The author is ANZ greater China chief economist Liu Li-Gang
The concept of sovereign wealth funds (SWFs) has emerged recently in Greater China.
Hong Kong’s Financial Secretary mulls to establish a "Future Fund" to prepare for population aging that will potentially create fiscal financial pressure in forthcoming decades.
About a year ago, Taiwan’s Minister of Finance Chang Sheng-Ford proposed to consolidate the four under-performing publicly-owned funds into a single SWF.
While many SWFs were born under diverse macroeconomic frameworks with customized institutional setups and objectives, the common theme is to invest for the future.
For Hong Kong and Taiwan, the crux is not whether they are managed under a new SWF but whether the government has a will to set an investment performance target explicitly and achieve a positive real rate of return.
Historically, the government revenues of Hong Kong and Taiwan have been growing with their GDP in tandem. Wise investments in the local economy are perhaps the best way to uphold their fiscal positions in the future.
Aging has been the common factor driving the current SWF debate. For instance, in Hong Kong the government projects that in less than 30 years’ time, the number of elderly population aged 65 and above would surge from the current 1.0 million to 2.6 million in 2041.
These figures suggest that by 2041, around one in three persons will be elders, up from the current level of one in seven. This has triggered the concern about the need to set up an endowment to meet the fiscal pressure from this changing demographic profile.
In Taiwan, the investment performance of the different publicly-run pension funds failed to meet expectation, partly due to the prolonged period of low interest rate. Establishing a more proactive investment organization may be able to lift the long-term investment return and cover future pension liability.
While SWFs are often referred as heavy weight government-owned institutional investors that are actively seeking investment return, its sources of funds, investment and governance structure are far from homogeneous. This is partly because the governmental investment entities have different histories with a variety of macroeconomic backdrop.
Typically, SWFs evolve from previous commodity boom, oil in particular. The theory is that since petroleum resources are non-renewable and the wealth will gradually approach zero in the future, there is a need to generate positive long-term real rate of return on financial assets by deploying the oil money.
The governments expect that the investment return will be large enough to cope with population growth rate and aging. Clearly, this strategy requires that a considerable share of the petroleum revenues are saved and invested in a SWF. Norway’s Global Pension Fund Global and Abu Dhabi Investment Authority are potent examples of this category.

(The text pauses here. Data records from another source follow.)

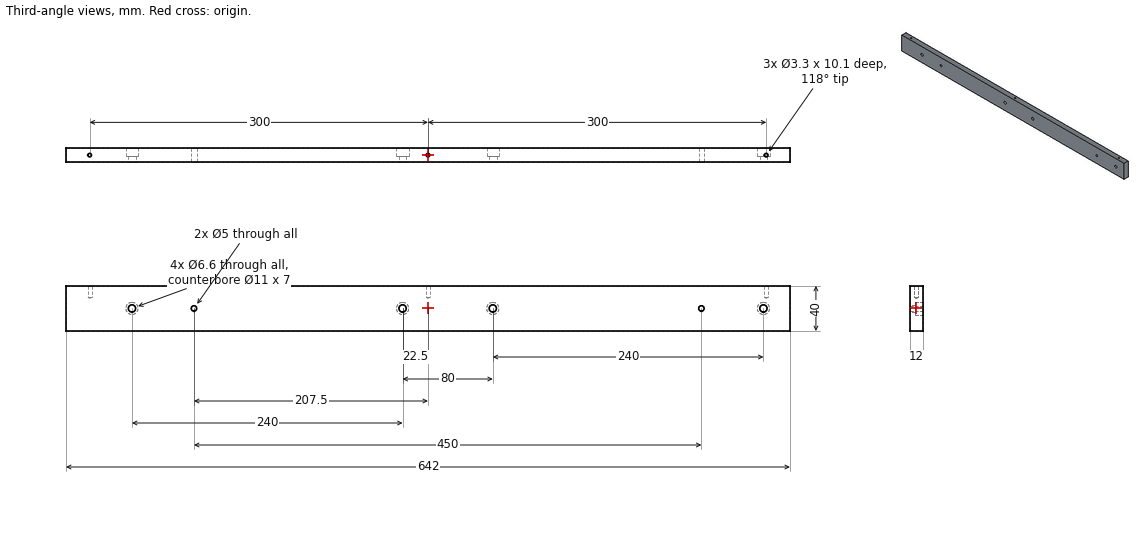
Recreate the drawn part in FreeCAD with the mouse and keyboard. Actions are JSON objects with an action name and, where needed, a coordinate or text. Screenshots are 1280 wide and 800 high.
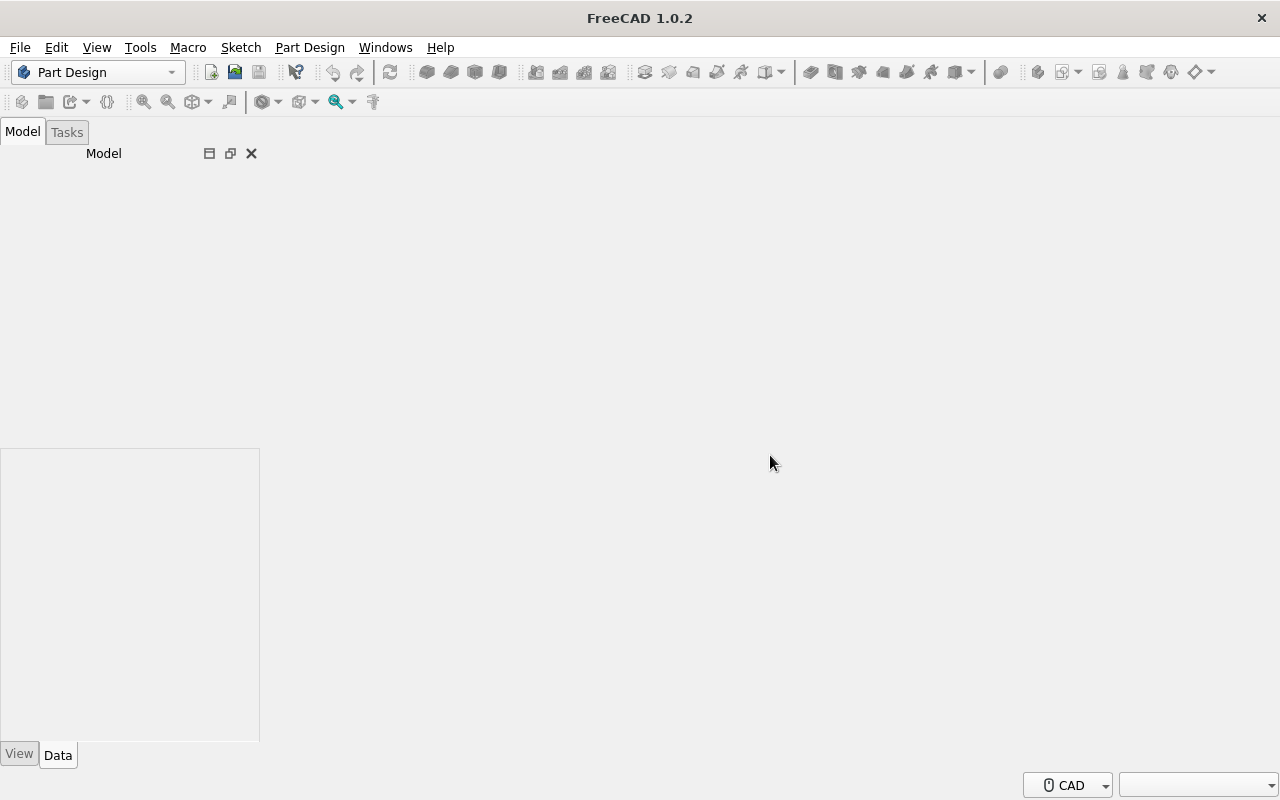
{"action": "left_click", "coordinate": [212, 72]}
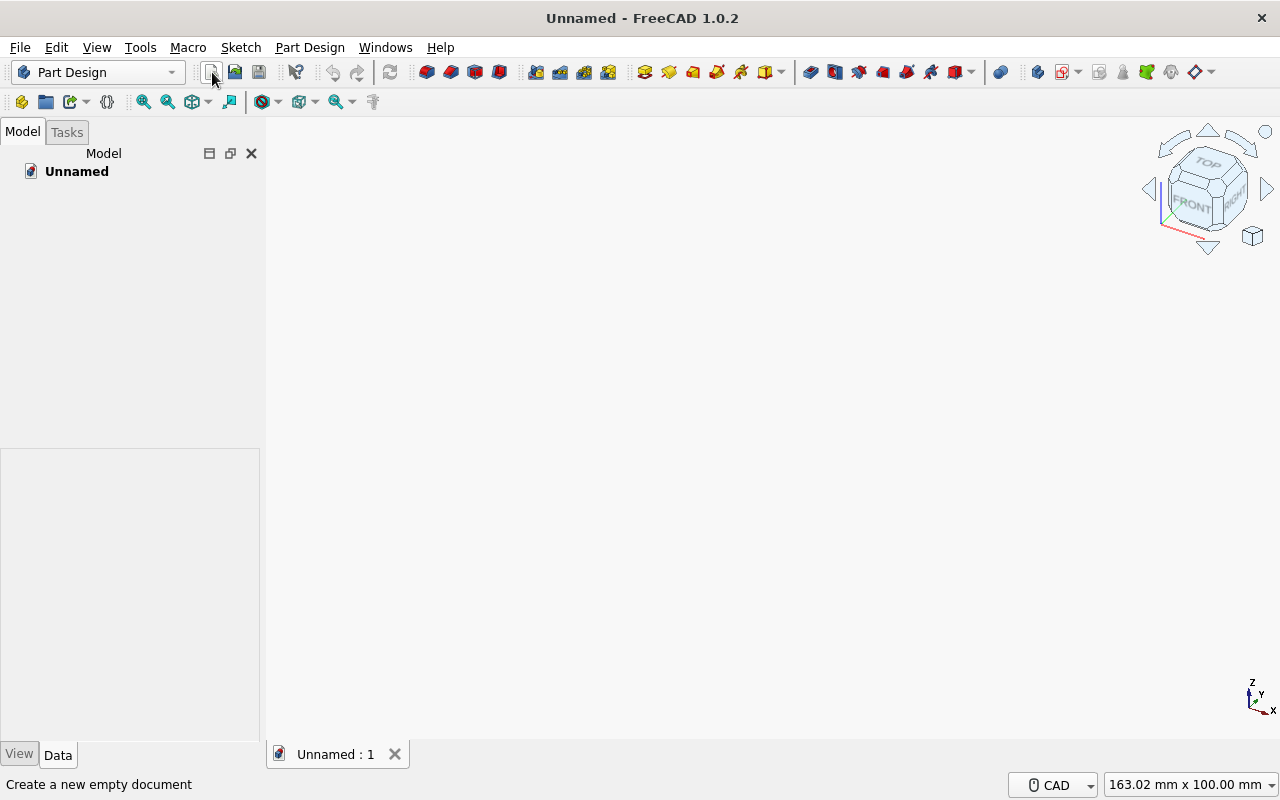
{"action": "left_click", "coordinate": [1062, 72]}
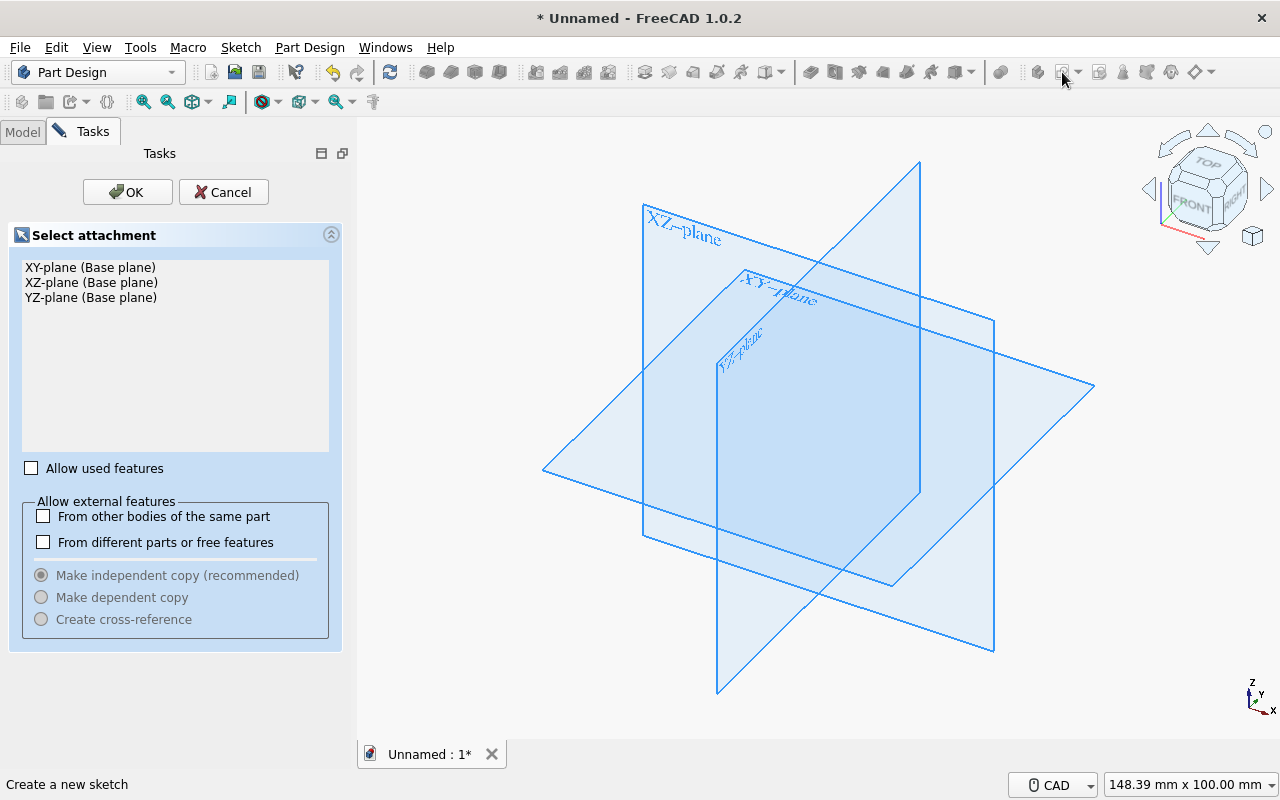
{"action": "left_click", "coordinate": [82, 282]}
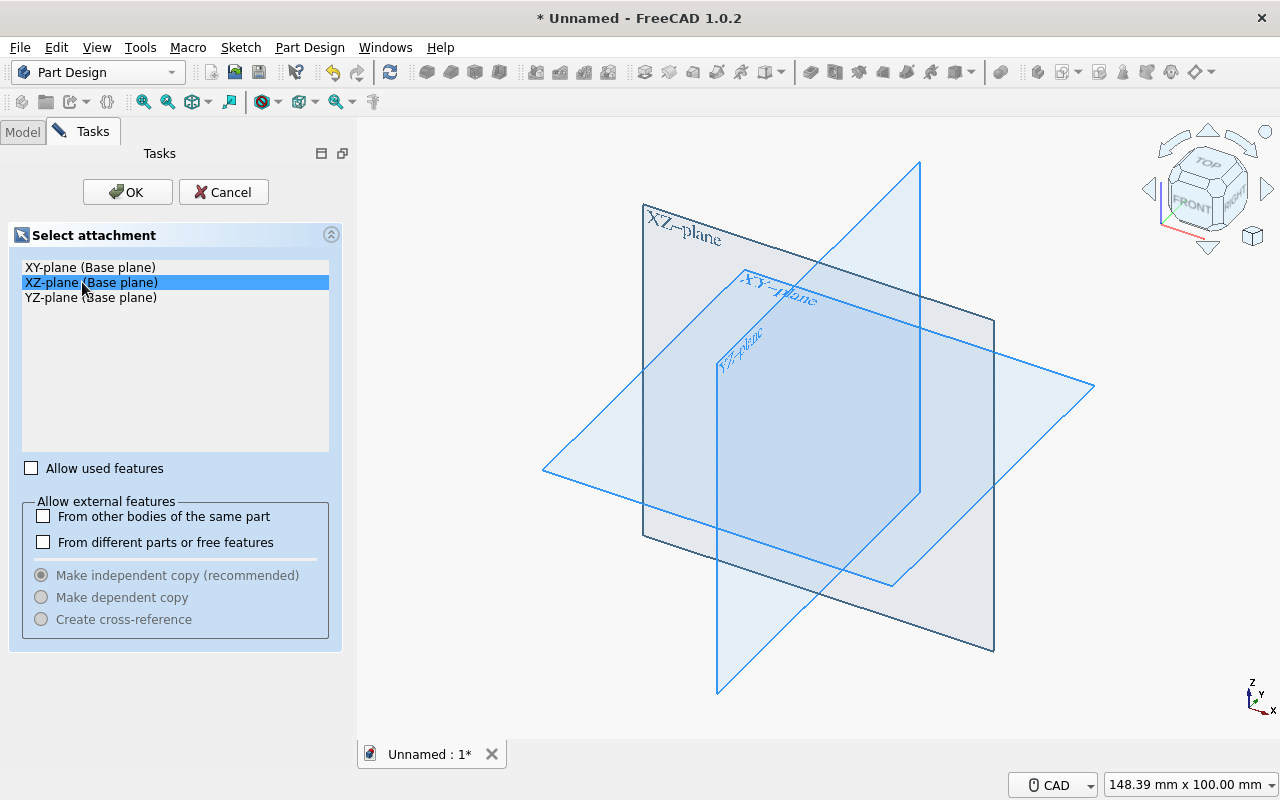
{"action": "left_click", "coordinate": [128, 192]}

The common theme is to invest for the future and maximize long-term investment returns, typically 20 years. For Australia and New Zealand, pre-funding future pension liability motivated the establishment of Australia’s Future Fund and New Zealand Superannuation Fund.

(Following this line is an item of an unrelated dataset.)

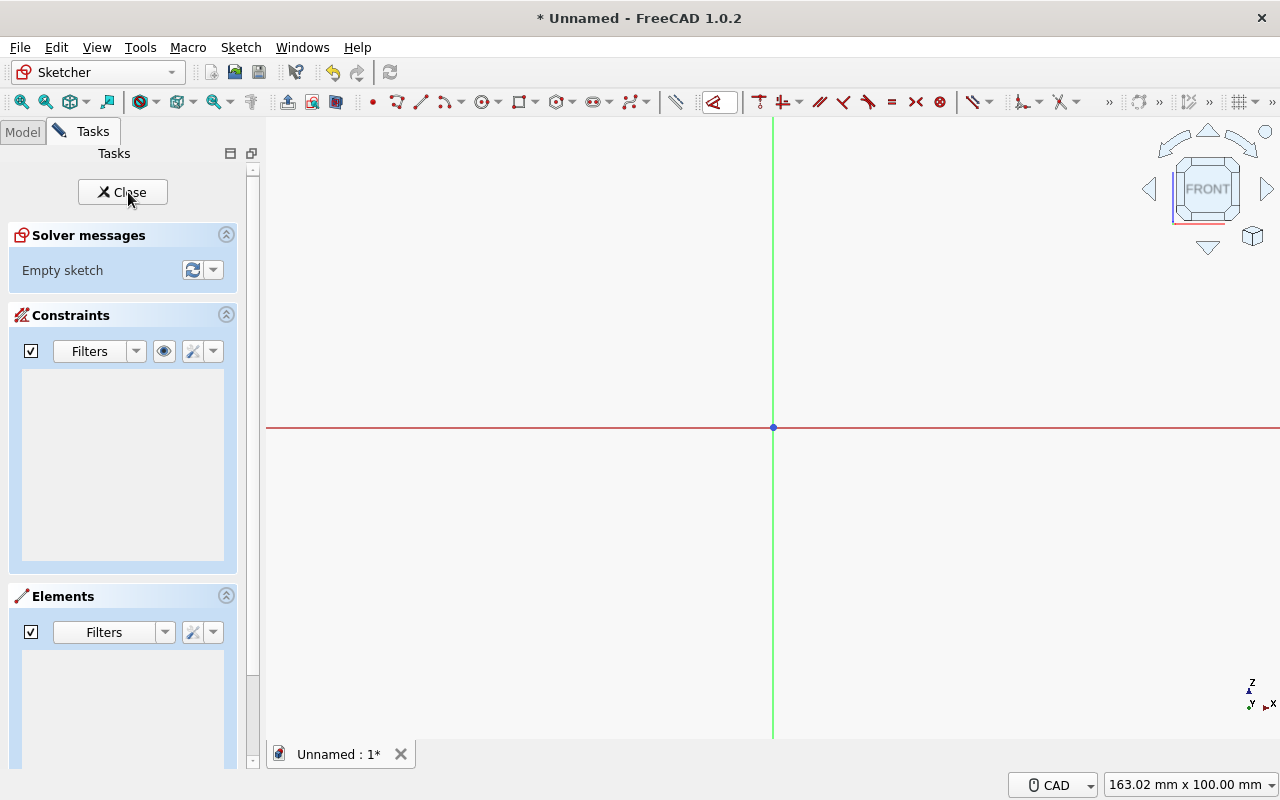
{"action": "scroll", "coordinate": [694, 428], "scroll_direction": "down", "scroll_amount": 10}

The Australia’s aims to achieve an average annual return of at least the consumer price index of 4.5% to 5.5% per year over the long term and withdrawals from the fund are planned to start in 2020.

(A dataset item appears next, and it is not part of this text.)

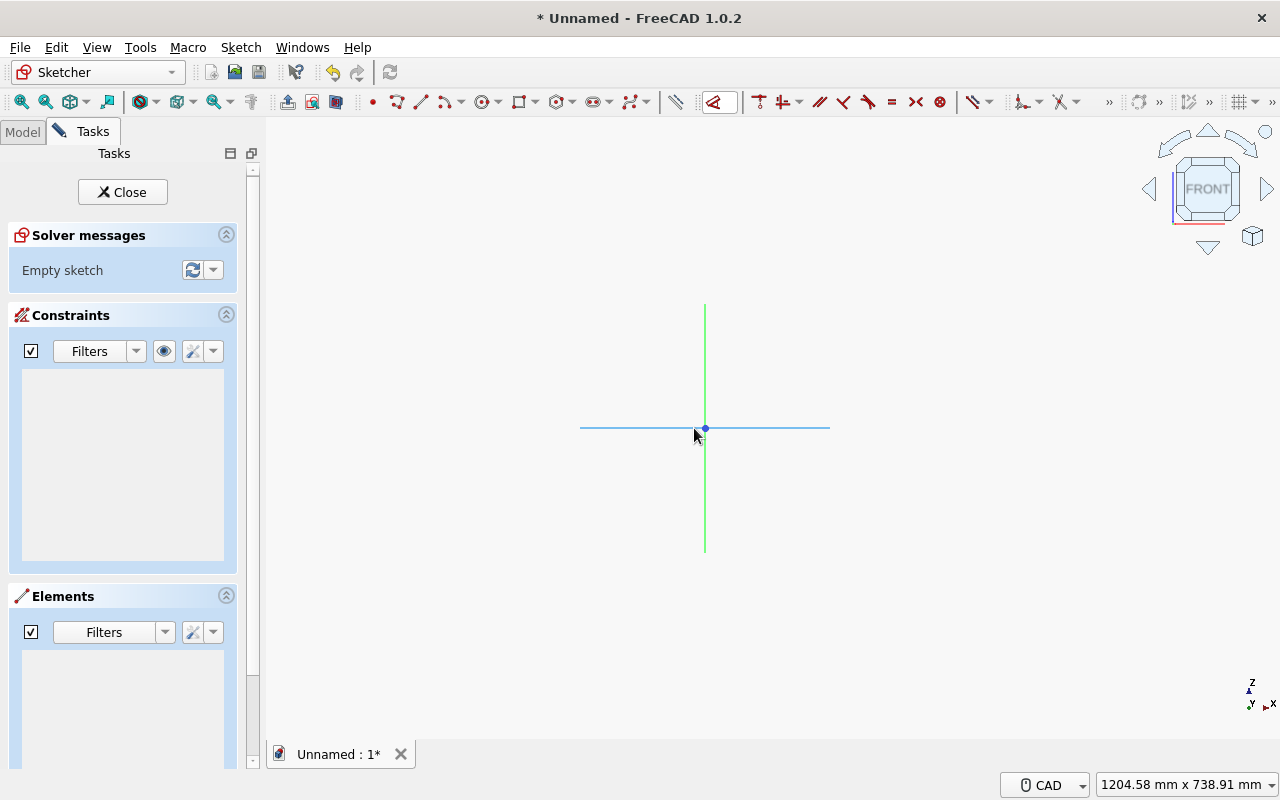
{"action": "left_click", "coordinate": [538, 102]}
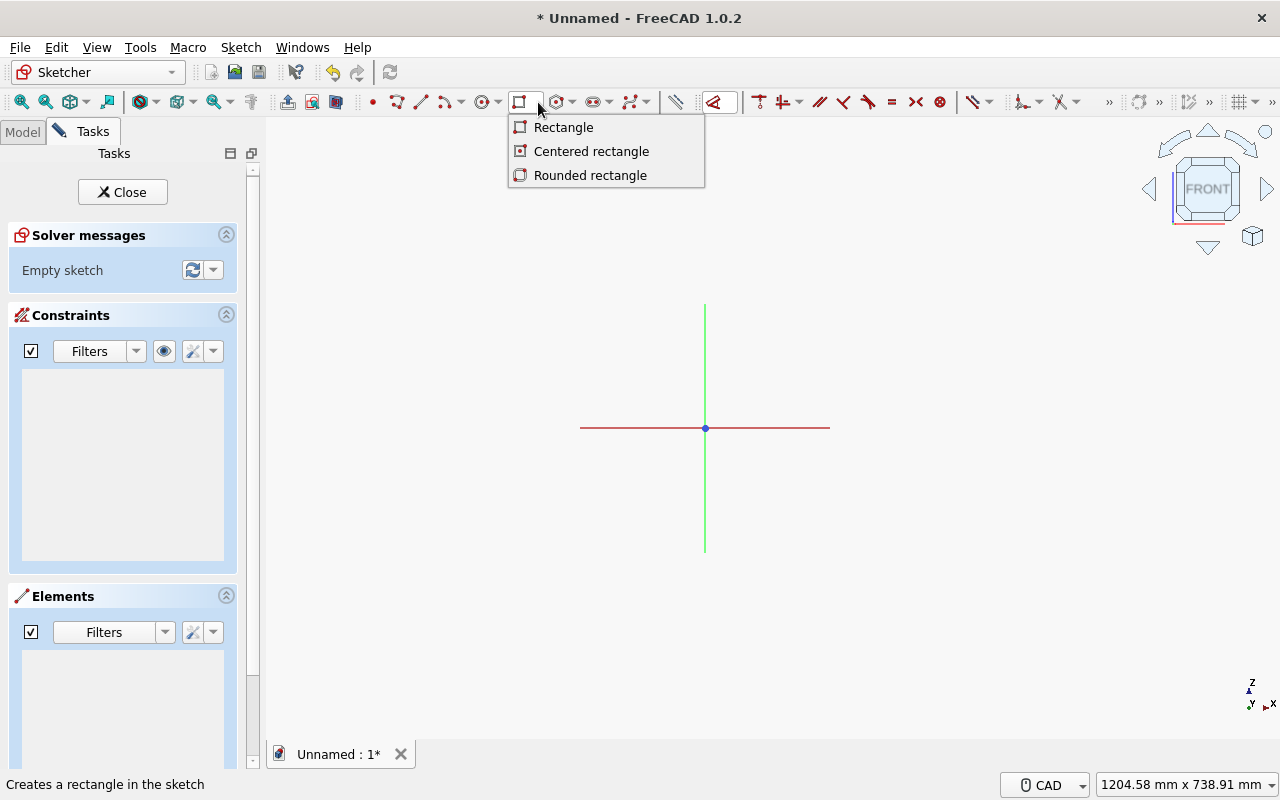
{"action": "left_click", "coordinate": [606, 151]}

The New Zealand fund is expected to begin withdrawal in 2029/2030. Until then, all investment income is going to be reinvested in the fund. For a small open economy like Singapore, the concept of "saving for the rainy day" was adopted a few decades ago and its Government of Singapore Investment Corporation (GIC) and Temasek Holdings have been active investors in the SWF world.
Governments should view the problem holistically. Hong Kong and Taiwan should deploy their sovereign wealth and reserves in the areas including infrastructure, education and healthcare that will deliver economic value.